An exact copy of the data is needed, one that excludes all pictures.

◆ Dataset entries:
*** Block opens ***

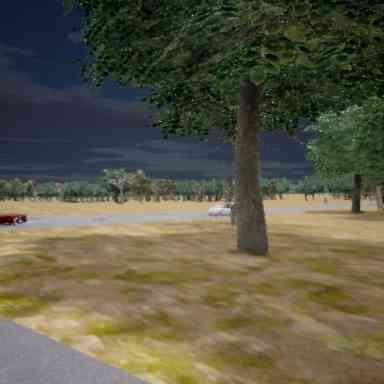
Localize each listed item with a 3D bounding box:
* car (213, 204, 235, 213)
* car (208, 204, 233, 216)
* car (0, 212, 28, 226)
[{"bbox_3d":[6.188,3.079,63.770,1.837,1.490,4.892,0,0,37],"label":"car"},{"bbox_3d":[4.200,2.723,49.410,1.812,1.442,4.674,0,-2,37],"label":"car"},{"bbox_3d":[-14.612,1.868,24.187,1.895,1.301,4.718,0,-2,37],"label":"car"}]

*** Block closes ***

◆ ANSWER TO THIS EXERCISE:
Localize each listed item with a 3D bounding box:
* car (213, 204, 235, 213)
* car (208, 204, 233, 216)
* car (0, 212, 28, 226)
[{"bbox_3d":[6.188,3.079,63.770,1.837,1.490,4.892,0,0,37],"label":"car"},{"bbox_3d":[4.200,2.723,49.410,1.812,1.442,4.674,0,-2,37],"label":"car"},{"bbox_3d":[-14.612,1.868,24.187,1.895,1.301,4.718,0,-2,37],"label":"car"}]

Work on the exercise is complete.